▸ **Action item**:
Except for the pictures, reproduce the records word for word.
-*-*-
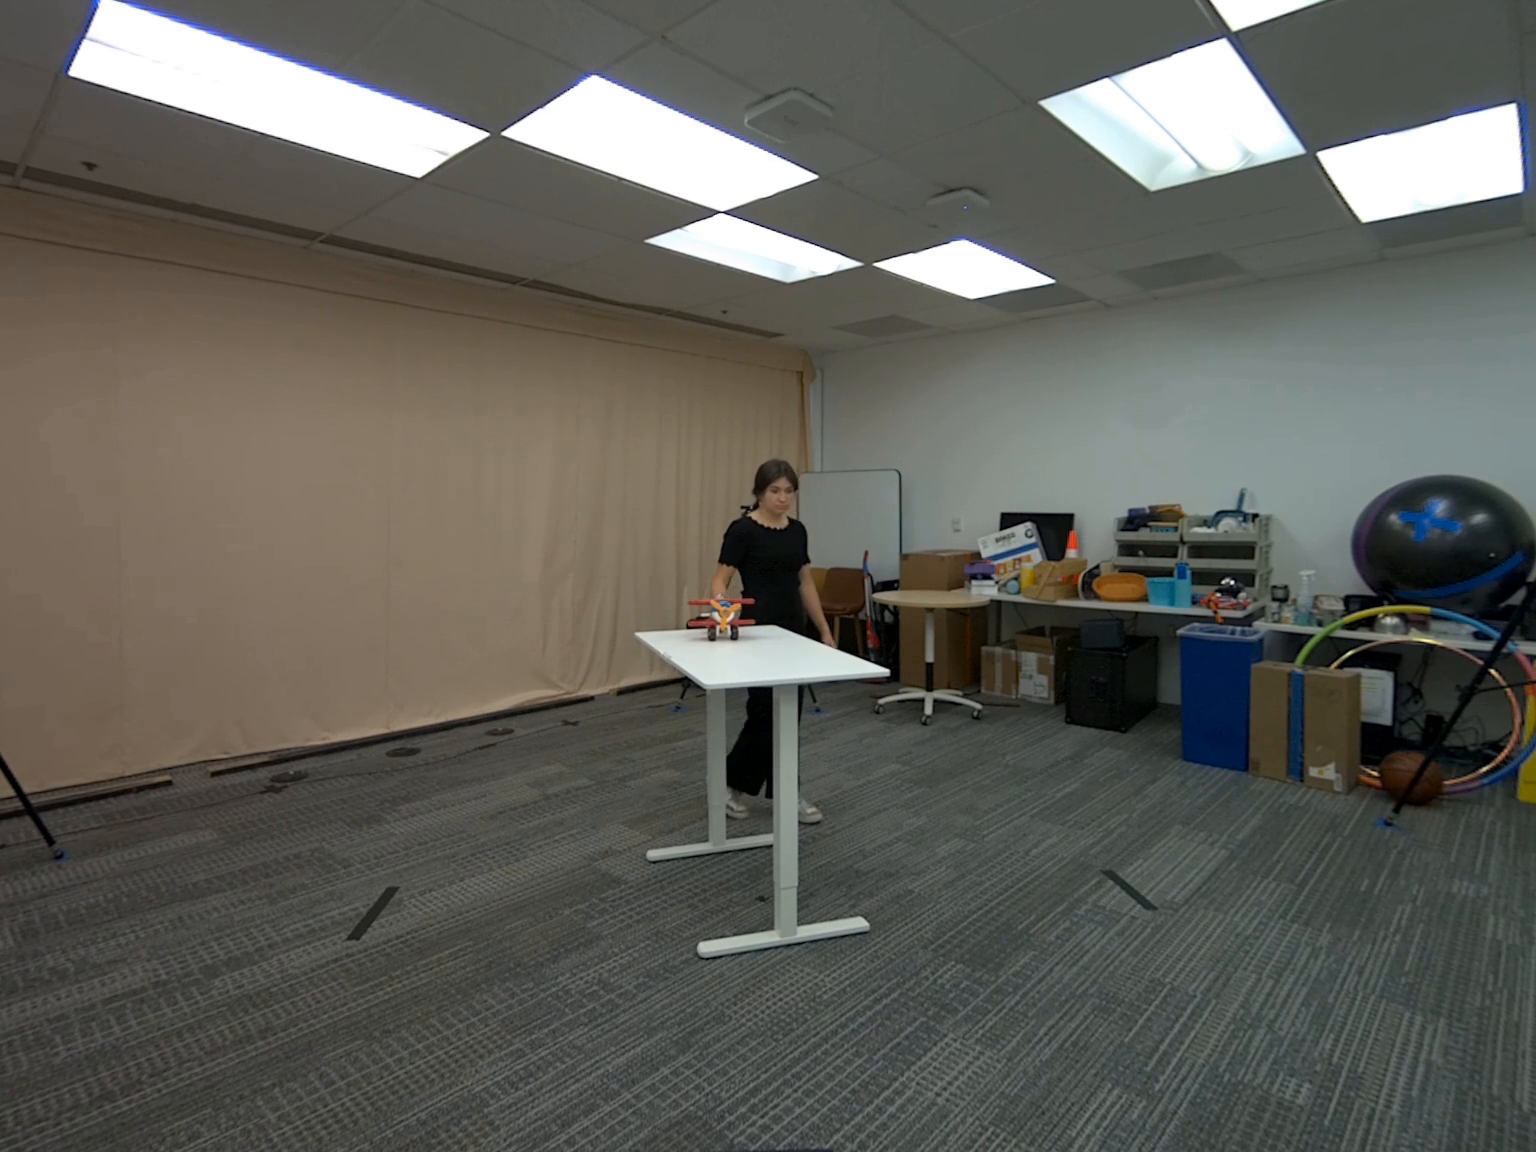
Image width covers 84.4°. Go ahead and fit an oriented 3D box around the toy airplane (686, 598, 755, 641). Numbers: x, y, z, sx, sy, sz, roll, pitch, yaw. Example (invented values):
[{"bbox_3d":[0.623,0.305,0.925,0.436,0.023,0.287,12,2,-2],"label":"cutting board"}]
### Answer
[{"bbox_3d":[-0.205,0.154,3.261,0.244,0.155,0.268,-6,11,-36],"label":"toy airplane"}]
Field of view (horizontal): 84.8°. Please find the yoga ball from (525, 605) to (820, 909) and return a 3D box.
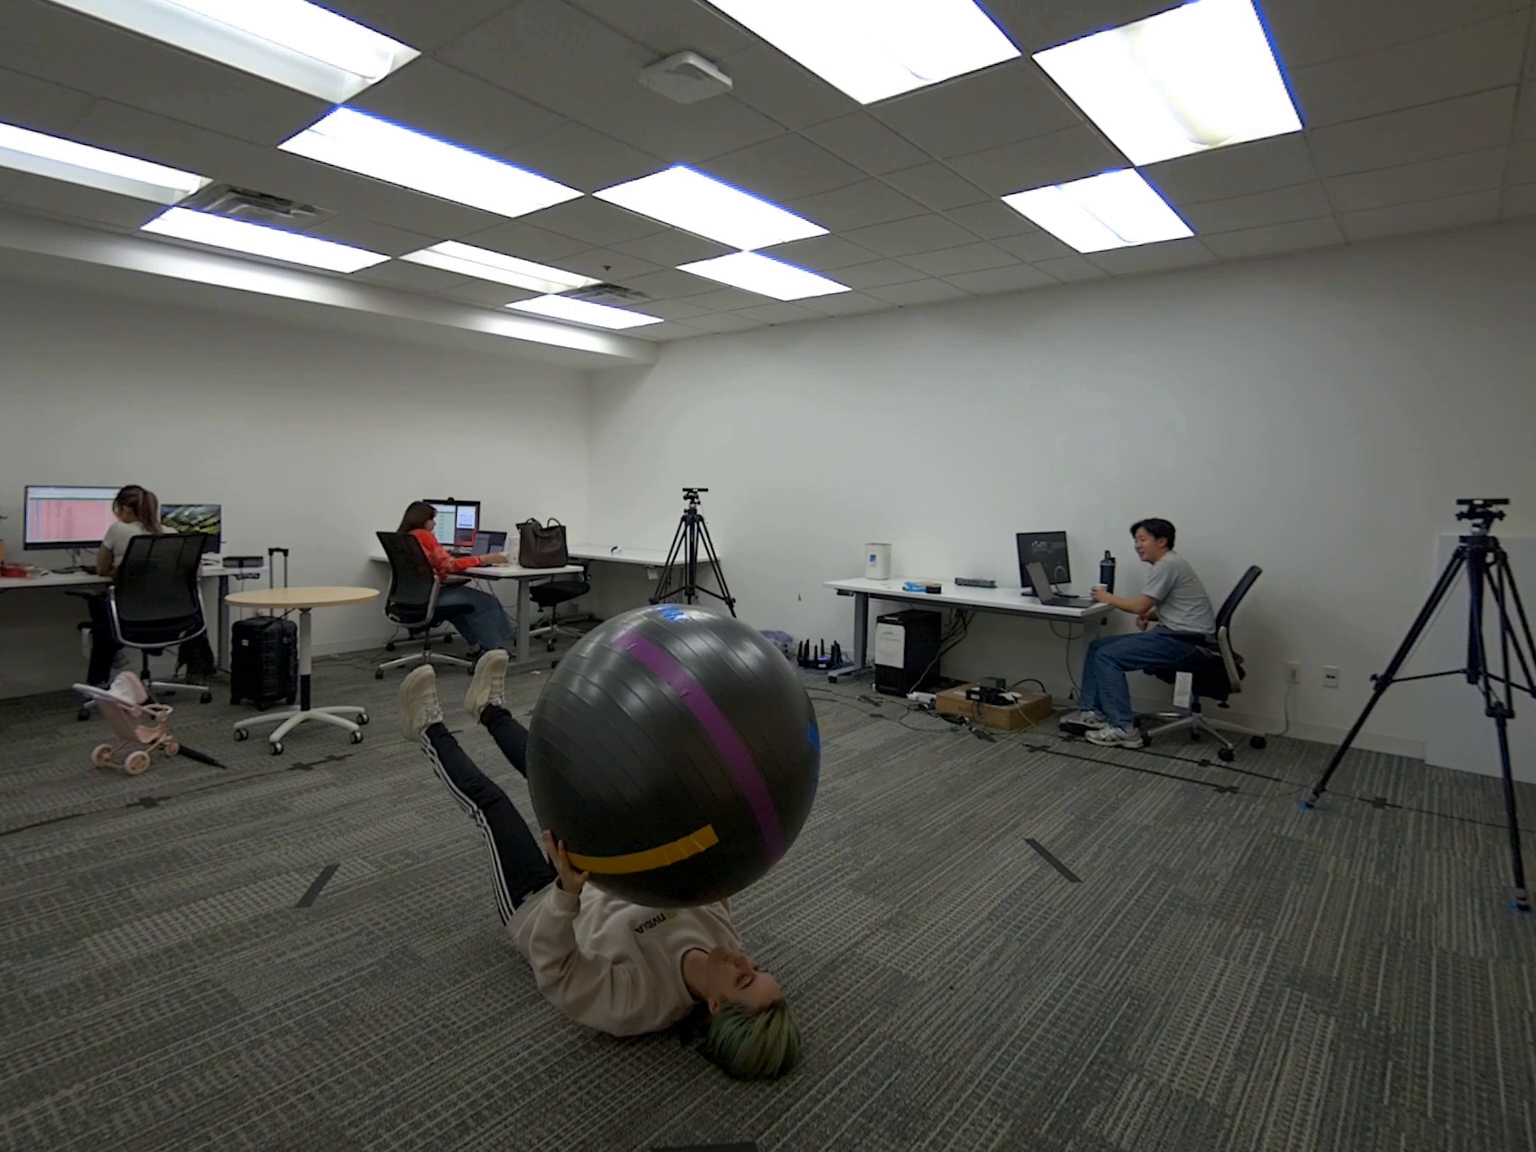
[{"bbox_3d":[-0.253,0.454,2.209,0.757,0.755,0.762,1,4,-2],"label":"yoga ball"}]
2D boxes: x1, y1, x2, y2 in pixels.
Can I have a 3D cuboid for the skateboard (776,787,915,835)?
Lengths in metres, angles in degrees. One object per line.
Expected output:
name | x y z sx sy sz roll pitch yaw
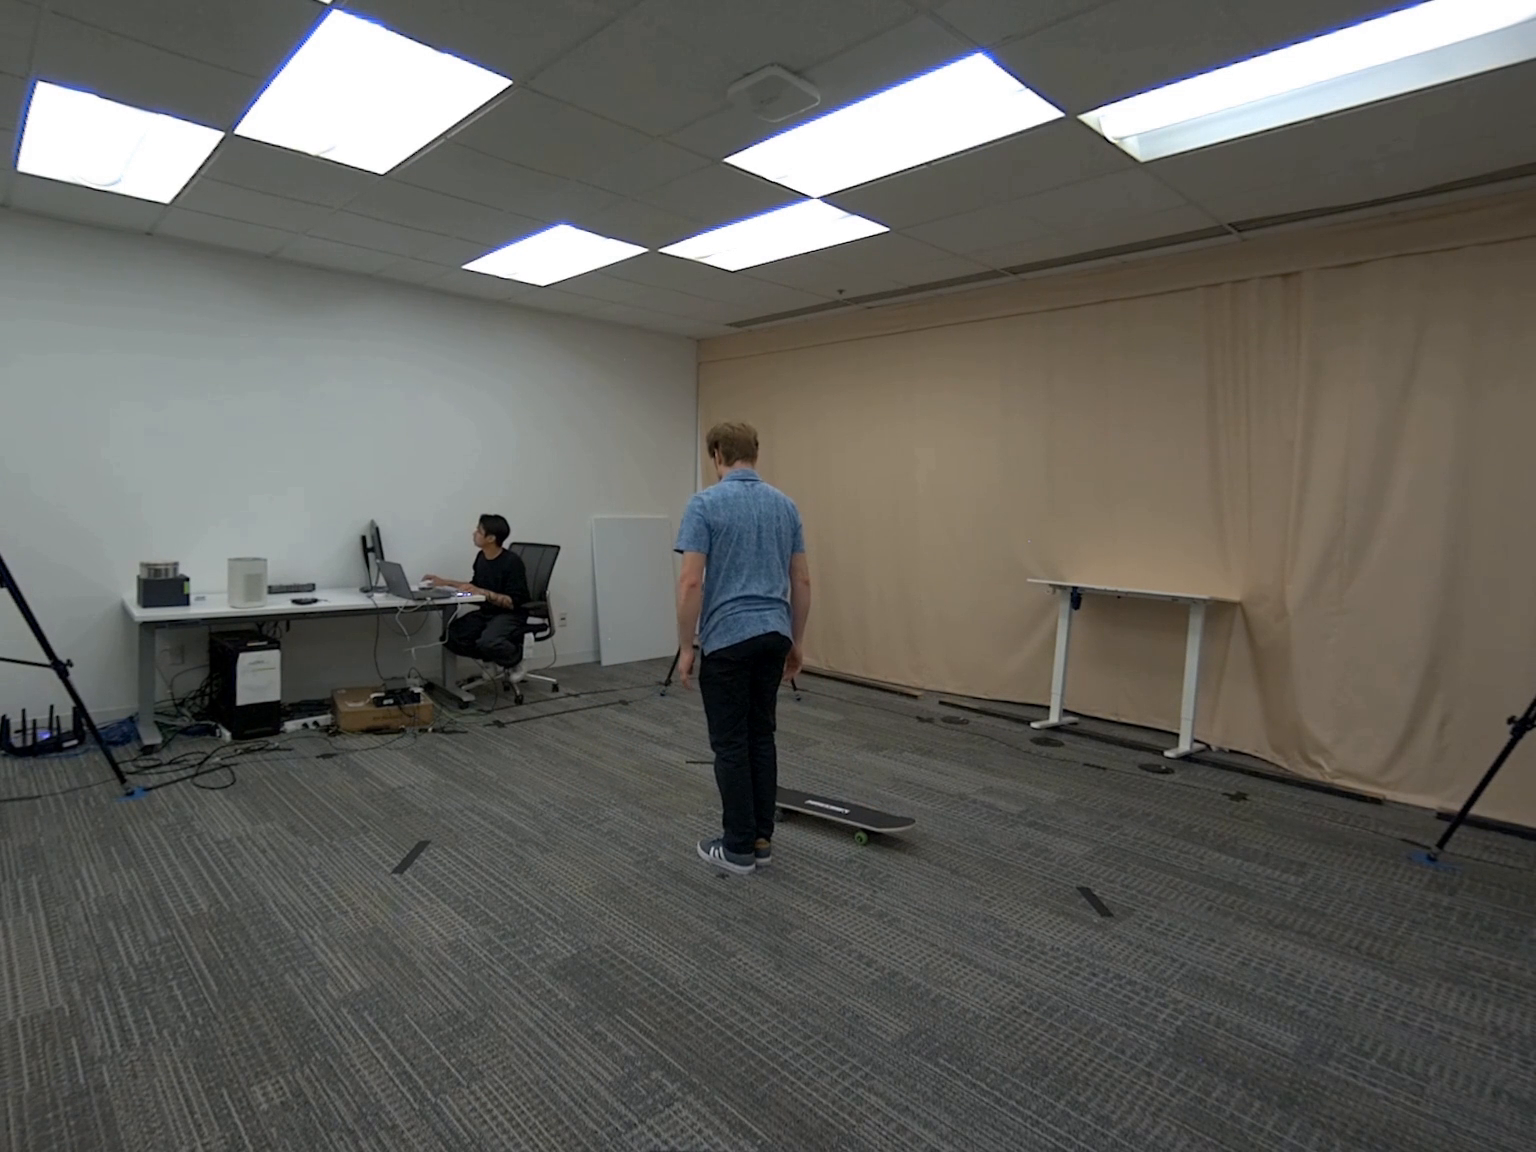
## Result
skateboard | 0.243 1.018 3.603 0.804 0.110 0.189 5 5 34
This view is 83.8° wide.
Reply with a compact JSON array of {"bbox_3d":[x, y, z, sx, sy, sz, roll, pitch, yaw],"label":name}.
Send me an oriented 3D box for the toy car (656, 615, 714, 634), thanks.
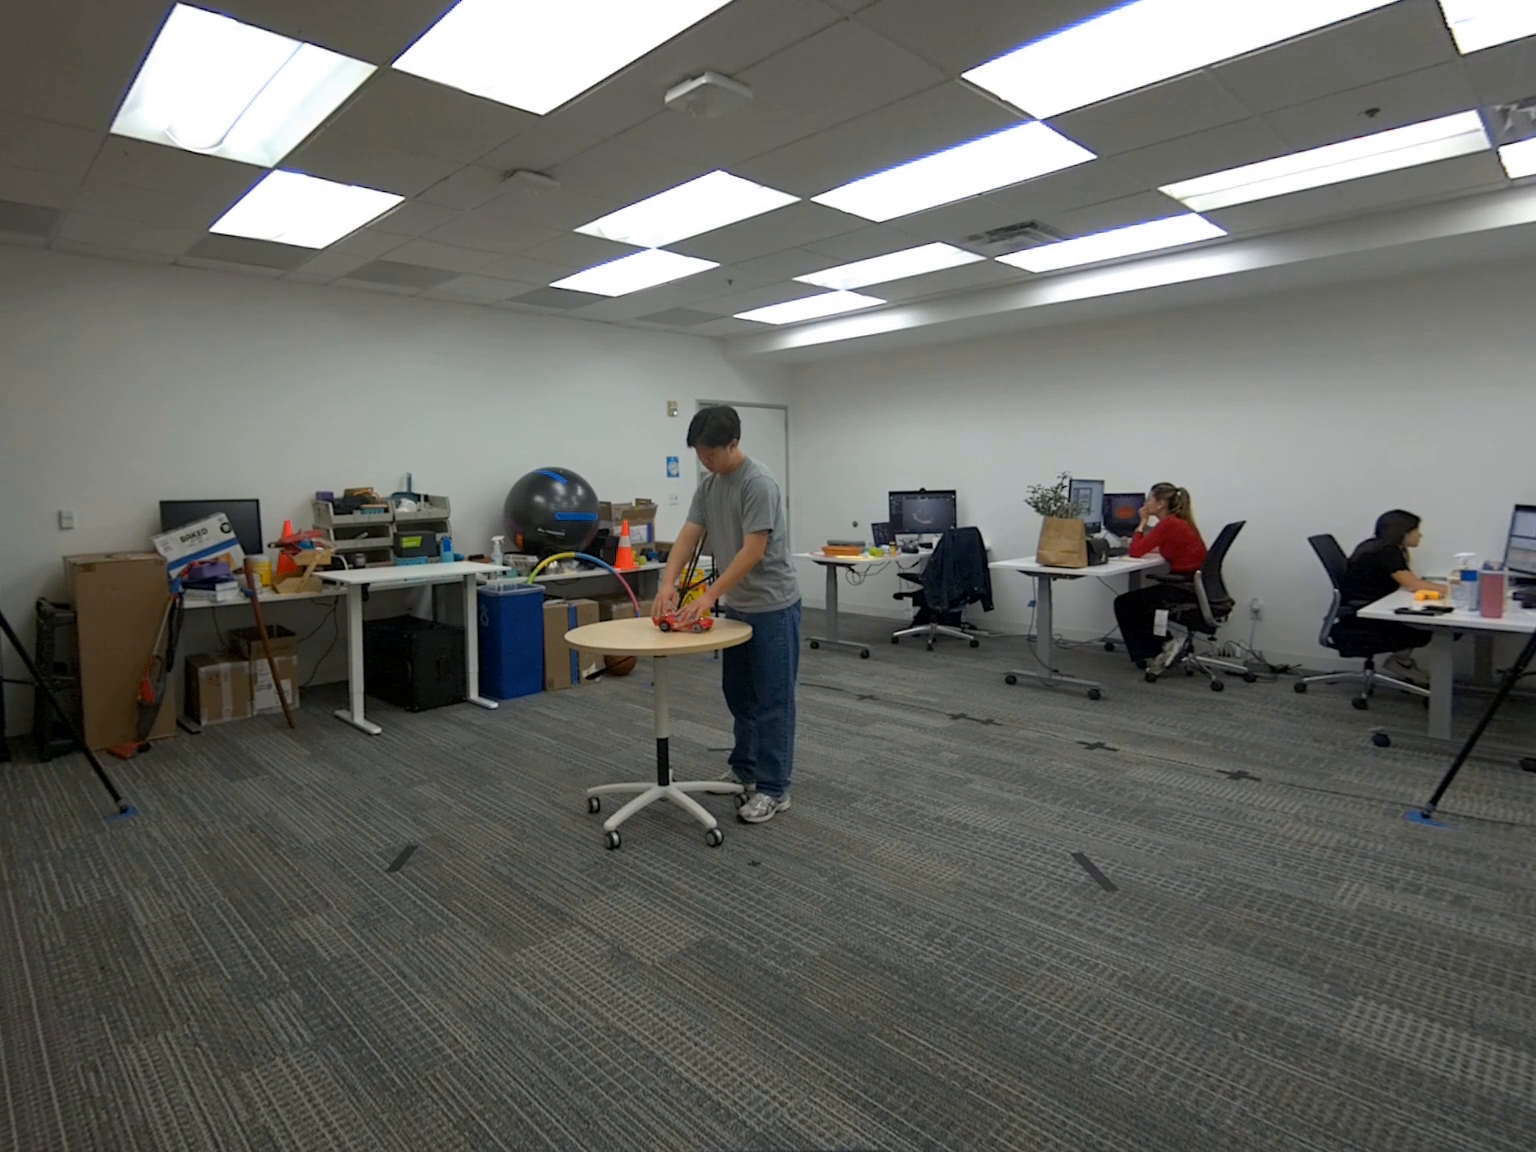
[{"bbox_3d":[-0.361,0.194,3.495,0.260,0.083,0.128,12,8,17],"label":"toy car"}]
-*-*-
▸ **Written response**:
Image width covers 84.4°. Go ahead and fit an oriented 3D box around the toy airplane (686, 598, 755, 641). Numbers: x, y, z, sx, sy, sz, roll, pitch, yaw. Example (invented values):
[{"bbox_3d":[0.623,0.305,0.925,0.436,0.023,0.287,12,2,-2],"label":"cutting board"}]
### Answer
[{"bbox_3d":[-0.205,0.154,3.261,0.244,0.155,0.268,-6,11,-36],"label":"toy airplane"}]
Field of view (horizontal): 84.8°. Please find the yoga ball from (525, 605) to (820, 909) and return a 3D box.
[{"bbox_3d":[-0.253,0.454,2.209,0.757,0.755,0.762,1,4,-2],"label":"yoga ball"}]
2D boxes: x1, y1, x2, y2 in pixels.
Can I have a 3D cuboid for the skateboard (776,787,915,835)?
Lengths in metres, angles in degrees. One object per line.
Expected output:
name | x y z sx sy sz roll pitch yaw
## Result
skateboard | 0.243 1.018 3.603 0.804 0.110 0.189 5 5 34
This view is 83.8° wide.
Reply with a compact JSON array of {"bbox_3d":[x, y, z, sx, sy, sz, roll, pitch, yaw],"label":name}.
Send me an oriented 3D box for the toy car (656, 615, 714, 634), thanks.
[{"bbox_3d":[-0.361,0.194,3.495,0.260,0.083,0.128,12,8,17],"label":"toy car"}]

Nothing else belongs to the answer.